Can Code Review Be Automated?

I was scanning the API of DacFx, the ‘engine’ of SSDT, and became interested in the facility it contains for automating SQL code reviews. DacFx allows you to parse the SQL code sufficiently to do static code analysis, to scan for heresies, deprecated code and code that doesn’t ‘conform to corporate policy’. Dave Ballantyne has used this feature to allow DacFx to detect SQL code smells.

I like ‘code smells‘ when used by programmers to sharpen up their own code. I have, however, always been sceptical about relying on automated code reviews, and deeply suspicious of ‘code policies’. Such things are fine, I suppose, as a double-check, safety net, or final precaution upon check-in, or perhaps the nightly build if one has failed to spot a problem in the quality of code. If, however, you are waiting until release to ‘enforce company policies on code quality’ like some SQL Thought Police, that smacks of the worst form of management of the development process. You’re catching these problems too late in the process, and giving the wrong message to the developer. Code quality is a cultural thing.

Code must be checked. Ostensibly, it is to advise and to assist a team member, and help them to promote their professional expertise. However, If you have the responsibility of supervising work, you also have an obligation to your employer to check code. Check for what? Although the general answer has to be quality, all manner of problems such as design, localization, performance, and security can be prevented by quiet tactful supervision. Yes, security too: I’ve certainly experienced anarchic development departments whose output has to be treated as potentially toxic by other parts of the IT department, where SQL Code has to be checked for concealed permissions or roles being created, and procedural code has to be sanity-checked for foolishness and malice. The result is gridlock.

Although there are general software metrics for code quality, such as Cyclomatic complexity (checking complexity and structure), model checking or data-flow analysis, and techniques for checking for both program and security vulnerabilities, I haven’t yet seen them catch anything that couldn’t be detected by eye. In procedural code, metrics like Cyclomatic complexity can warn you of trends such as the growth of technical debt, but tell you far less about individual sections of code. I’ve yet to see a code quality metric transfer successfully to SQL Code.

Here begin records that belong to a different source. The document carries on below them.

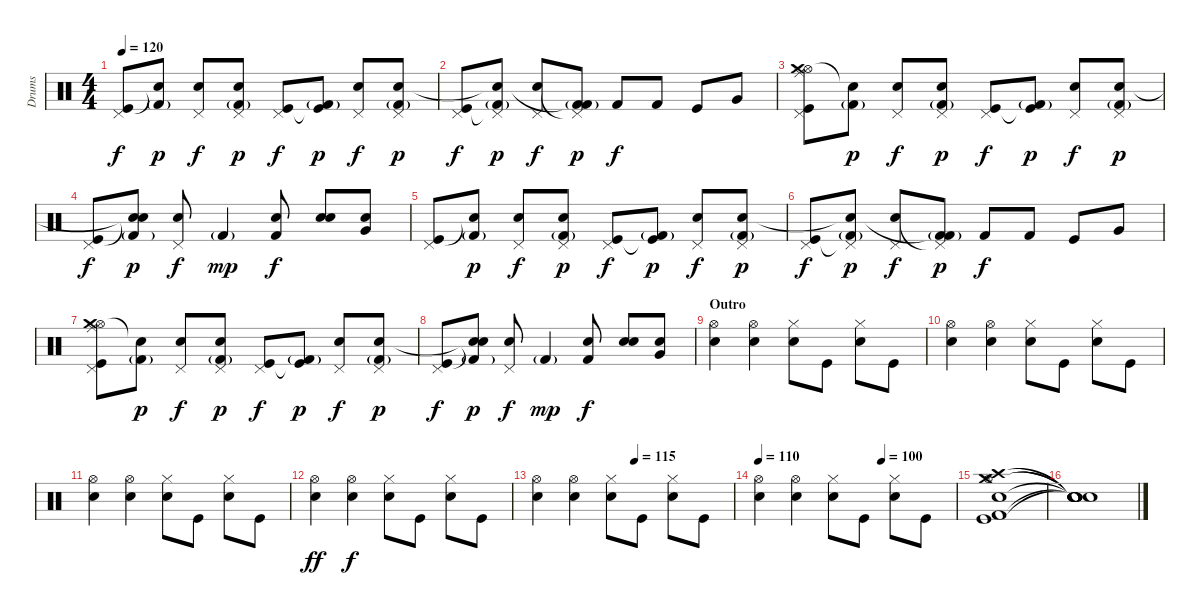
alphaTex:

\track ("Drums" "Drums") {instrument percussion}
\staff {score}
\articulation defaults
\ts (4 4)
\tempo 120
\clef neutral
\ks c
("Pedal Hi-Hat (hit)" "Kick (hit)").8{dy f} ("Kick (hit) 2"{g} "Snare (hit) 2"{t}).8{dy p} ("Pedal Hi-Hat (hit)" "Snare (hit) 2").8{dy f} ("Kick (hit) 2"{g} "Pedal Hi-Hat (hit)" "Snare (hit) 2").8{dy p} ("Pedal Hi-Hat (hit)" "Kick (hit)").8{dy f} ("Kick (hit) 2"{g} "Kick (hit)"{t}).8{dy p} ("Pedal Hi-Hat (hit)" "Snare (hit) 2").8{dy f} ("Kick (hit) 2"{g} "Pedal Hi-Hat (hit)" "Snare (hit) 2").8{dy p} |
("Pedal Hi-Hat (hit)" "Kick (hit)").8{dy f} ("Kick (hit) 2"{g} "Pedal Hi-Hat (hit)"{t} "Snare (hit) 2"{t}).8{dy p} ("Pedal Hi-Hat (hit)" "Snare (hit) 2").8{dy f} ("Kick (hit) 2"{g} "Pedal Hi-Hat (hit)"{t} "Kick (hit) 2"{t}).8{dy p} "Kick (hit) 2".8{dy f} "Kick (hit) 2".8 "Kick (hit)".8 "Very Low Tom (hit)".8 |
("Ride (middle)" "Hi-Hat (open)" "Crash medium (hit)" "Pedal Hi-Hat (hit)" "Kick (hit)").8 ("Kick (hit) 2"{g} "Snare (hit) 2"{t}).8{dy p} ("Pedal Hi-Hat (hit)" "Snare (hit) 2").8{dy f} ("Kick (hit) 2"{g} "Pedal Hi-Hat (hit)" "Snare (hit) 2").8{dy p} ("Pedal Hi-Hat (hit)" "Kick (hit)").8{dy f} ("Kick (hit) 2"{g} "Kick (hit)"{t}).8{dy p} ("Pedal Hi-Hat (hit)" "Snare (hit) 2").8{dy f} ("Kick (hit) 2"{g} "Pedal Hi-Hat (hit)" "Snare (hit) 2").8{dy p} |
("Pedal Hi-Hat (hit)" "Kick (hit)").8{dy f} ("Kick (hit) 2"{g} "Snare (hit)"{t} "Snare (hit)"{t}).8{dy p} ("Pedal Hi-Hat (hit)" "Snare (hit) 2").8{dy f} "Kick (hit) 2"{g}.4{dy mp} ("Kick (hit) 2" "Snare (hit) 2").8{dy f} ("Electric Snare (hit)" "Snare (hit) 2").8 ("Very Low Tom (hit)" "Snare (hit) 2").8 |
("Pedal Hi-Hat (hit)" "Kick (hit)").8 ("Kick (hit) 2"{g} "Snare (hit) 2"{t}).8{dy p} ("Pedal Hi-Hat (hit)" "Snare (hit) 2").8{dy f} ("Kick (hit) 2"{g} "Pedal Hi-Hat (hit)" "Snare (hit) 2").8{dy p} ("Pedal Hi-Hat (hit)" "Kick (hit)").8{dy f} ("Kick (hit) 2"{g} "Kick (hit)"{t}).8{dy p} ("Pedal Hi-Hat (hit)" "Snare (hit) 2").8{dy f} ("Kick (hit) 2"{g} "Pedal Hi-Hat (hit)" "Snare (hit) 2").8{dy p} |
("Pedal Hi-Hat (hit)" "Kick (hit)").8{dy f} ("Kick (hit) 2"{g} "Pedal Hi-Hat (hit)"{t} "Snare (hit) 2"{t}).8{dy p} ("Pedal Hi-Hat (hit)" "Snare (hit) 2").8{dy f} ("Kick (hit) 2"{g} "Pedal Hi-Hat (hit)"{t} "Kick (hit) 2"{t}).8{dy p} "Kick (hit) 2".8{dy f} "Kick (hit) 2".8 "Kick (hit)".8 "Very Low Tom (hit)".8 |
("Ride (middle)" "Hi-Hat (open)" "Crash medium (hit)" "Pedal Hi-Hat (hit)" "Kick (hit)").8 ("Kick (hit) 2"{g} "Snare (hit) 2"{t}).8{dy p} ("Pedal Hi-Hat (hit)" "Snare (hit) 2").8{dy f} ("Kick (hit) 2"{g} "Pedal Hi-Hat (hit)" "Snare (hit) 2").8{dy p} ("Pedal Hi-Hat (hit)" "Kick (hit)").8{dy f} ("Kick (hit) 2"{g} "Kick (hit)"{t}).8{dy p} ("Pedal Hi-Hat (hit)" "Snare (hit) 2").8{dy f} ("Kick (hit) 2"{g} "Pedal Hi-Hat (hit)" "Snare (hit) 2").8{dy p} |
("Pedal Hi-Hat (hit)" "Kick (hit)").8{dy f} ("Kick (hit) 2"{g} "Snare (hit)"{t} "Snare (hit)"{t}).8{dy p} ("Pedal Hi-Hat (hit)" "Snare (hit) 2").8{dy f} "Kick (hit) 2"{g}.4{dy mp} ("Kick (hit) 2" "Snare (hit) 2").8{dy f} ("Electric Snare (hit)" "Snare (hit) 2").8 ("Very Low Tom (hit)" "Snare (hit) 2").8 |
\section ("" "Outro")
("Hi-Hat (open)" "Electric Snare (hit)").4 ("Hi-Hat (open)" "Electric Snare (hit)").4 ("Hi-Hat (closed)" "Electric Snare (hit)").8 "Kick (hit)".8 ("Hi-Hat (closed)" "Electric Snare (hit)").8 "Kick (hit)".8 |
("Hi-Hat (open)" "Electric Snare (hit)").4 ("Hi-Hat (open)" "Electric Snare (hit)").4 ("Hi-Hat (closed)" "Electric Snare (hit)").8 "Kick (hit)".8 ("Hi-Hat (closed)" "Electric Snare (hit)").8 "Kick (hit)".8 |
("Hi-Hat (open)" "Electric Snare (hit)").4 ("Hi-Hat (open)" "Electric Snare (hit)").4 ("Hi-Hat (closed)" "Electric Snare (hit)").8 "Kick (hit)".8 ("Hi-Hat (closed)" "Electric Snare (hit)").8 "Kick (hit)".8 |
("Hi-Hat (open)" "Electric Snare (hit)").4{dy ff} ("Hi-Hat (open)" "Electric Snare (hit)").4{dy f} ("Hi-Hat (closed)" "Electric Snare (hit)").8 "Kick (hit)".8 ("Hi-Hat (closed)" "Electric Snare (hit)").8 "Kick (hit)".8 |
\tempo (115 0.5)
("Hi-Hat (open)" "Electric Snare (hit)").4 ("Hi-Hat (open)" "Electric Snare (hit)").4 ("Hi-Hat (closed)" "Electric Snare (hit)").8 "Kick (hit)".8 ("Hi-Hat (closed)" "Electric Snare (hit)").8 "Kick (hit)".8 |
\tempo 110
\tempo (100 0.625)
("Hi-Hat (open)" "Electric Snare (hit)").4 ("Hi-Hat (open)" "Electric Snare (hit)").4 ("Hi-Hat (closed)" "Electric Snare (hit)").8 "Kick (hit)".8 ("Hi-Hat (closed)" "Electric Snare (hit)").8 "Kick (hit)".8 |
("Hi-Hat (open)" "Kick (hit) 2" "Snare (hit) 2" "Kick (hit)" "Crash high (hit)" "Crash medium (hit)").1 |
("Snare (hit)"{t} "Snare (hit)"{t} "Snare (hit)"{t} "Snare (hit)"{t} "Snare (hit)"{t} "Snare (hit)"{t}).1

From my own experience, I’d always choose code peer-review, where we check and comment on each other’s code. Of course, the code must be in source control, it needs a simple workflow, annotation and messaging system, and the process itself must be supervised, but wherever I’ve seen it introduced, it has detected potential problems at a time they can easily be avoided. What is more, the trained eye can spot problems far quicker and effectively than an automated code-review process.